» **Data to process**:
━━━━━━━━━━━━━━━━━━━━

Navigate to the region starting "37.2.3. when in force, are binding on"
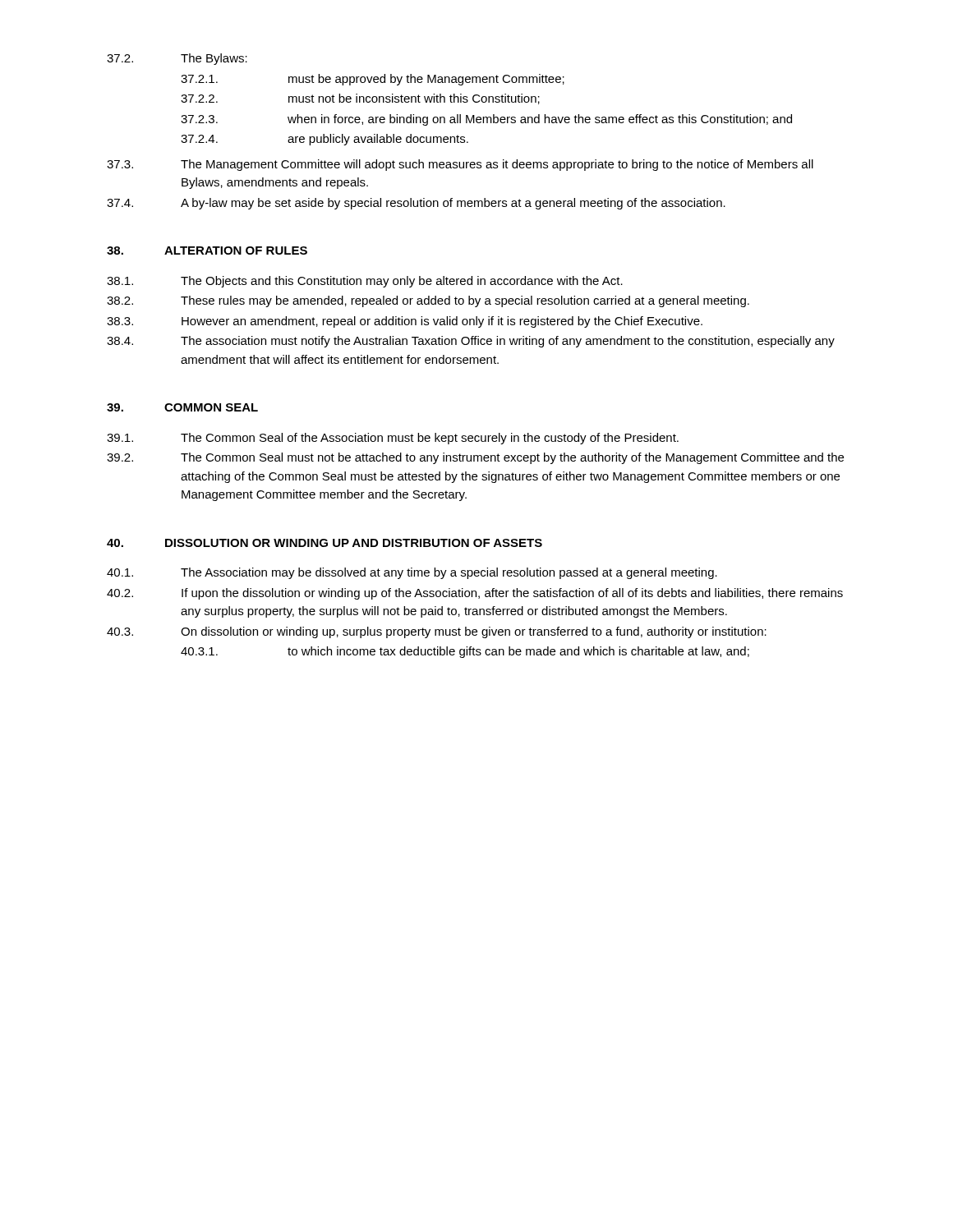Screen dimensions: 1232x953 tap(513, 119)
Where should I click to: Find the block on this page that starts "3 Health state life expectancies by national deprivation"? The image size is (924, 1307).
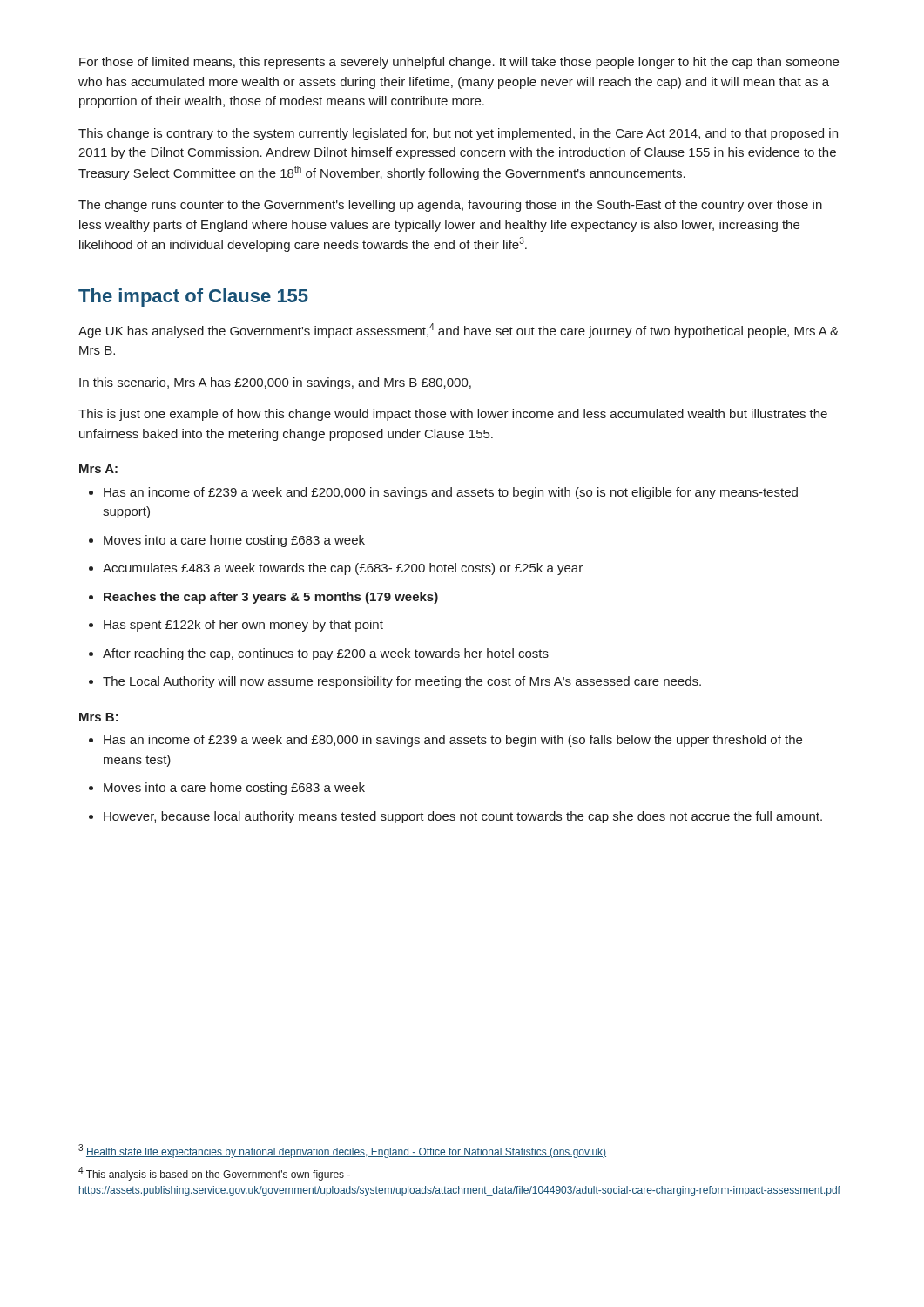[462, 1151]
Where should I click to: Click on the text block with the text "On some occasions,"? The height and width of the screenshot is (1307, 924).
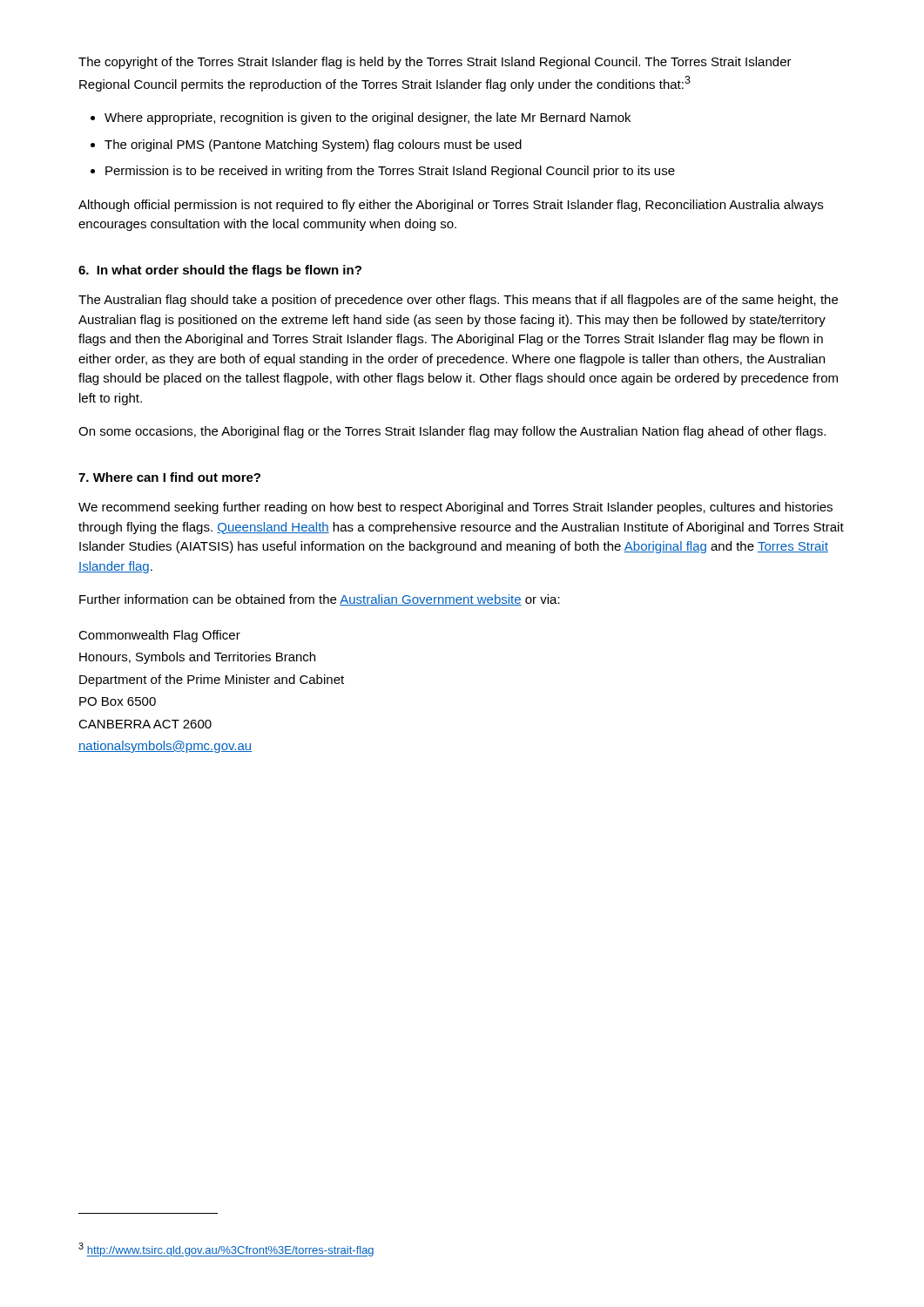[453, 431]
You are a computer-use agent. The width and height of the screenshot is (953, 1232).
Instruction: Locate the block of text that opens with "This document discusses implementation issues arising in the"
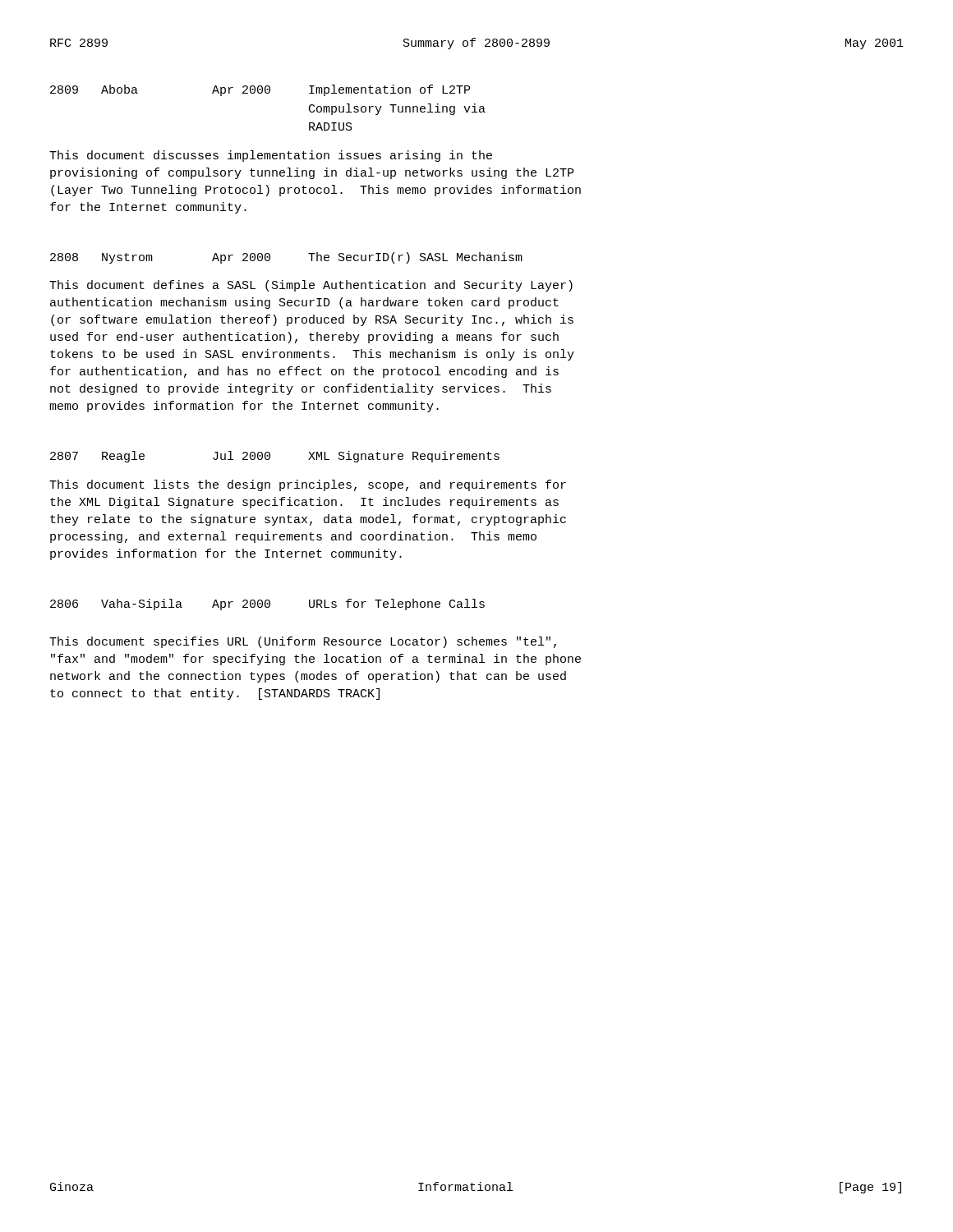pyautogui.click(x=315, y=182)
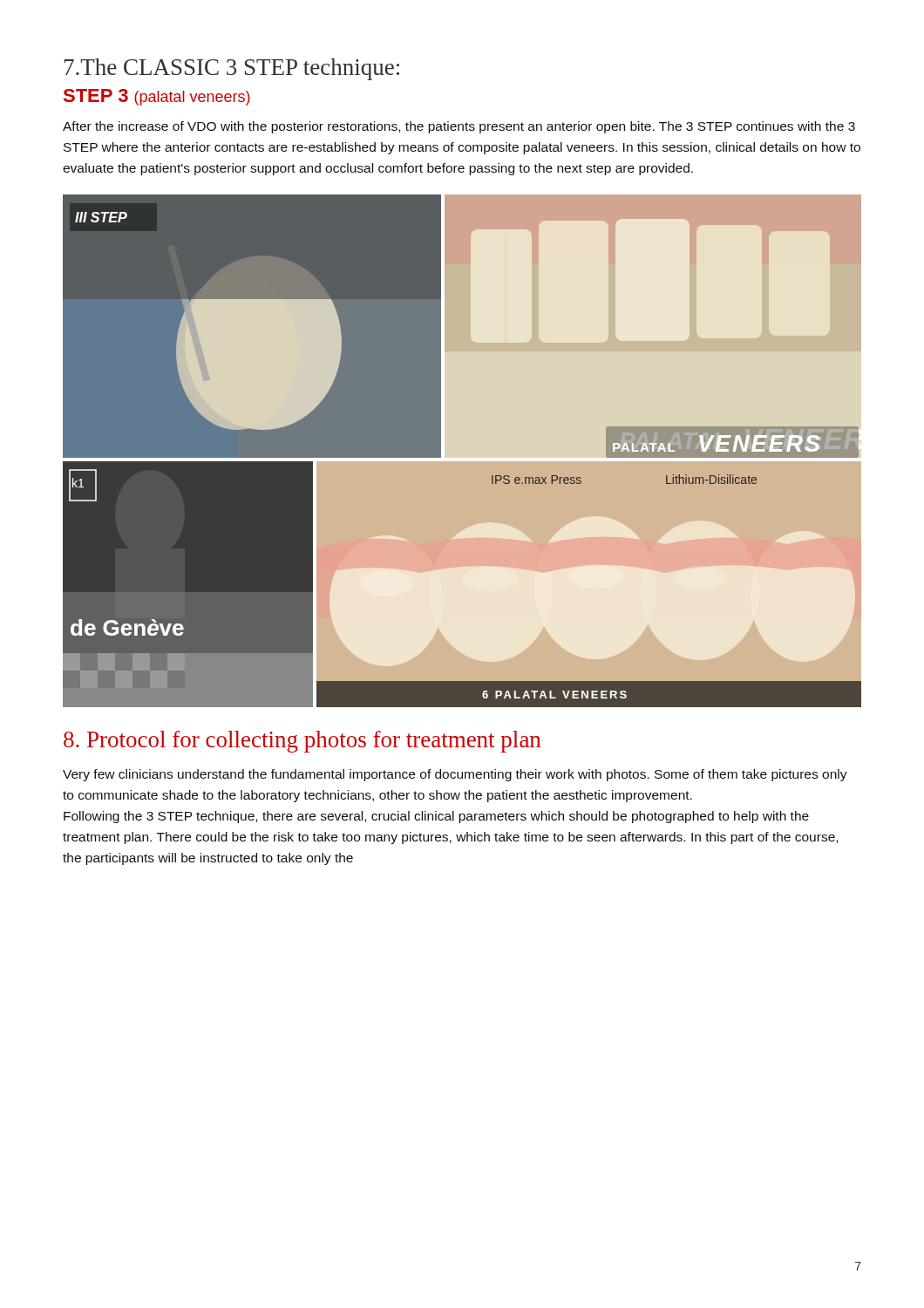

━━━━━━━━━━━━━━━━━━━━

» **Assigned task**: Could each line of the data be written out exactly, with no pictures included?

» **Solution**:
Navigate to the region starting "37.2.3. when in force, are binding on"
Screen dimensions: 1232x953 tap(513, 119)
Where should I click to: Find the block on this page that starts "3 Health state life expectancies by national deprivation"? The image size is (924, 1307).
[462, 1151]
Where should I click to: Click on the text block with the text "On some occasions,"? The height and width of the screenshot is (1307, 924).
[453, 431]
You are a computer-use agent. The width and height of the screenshot is (953, 1232).
Instruction: Locate the block of text that opens with "This document discusses implementation issues arising in the"
pyautogui.click(x=315, y=182)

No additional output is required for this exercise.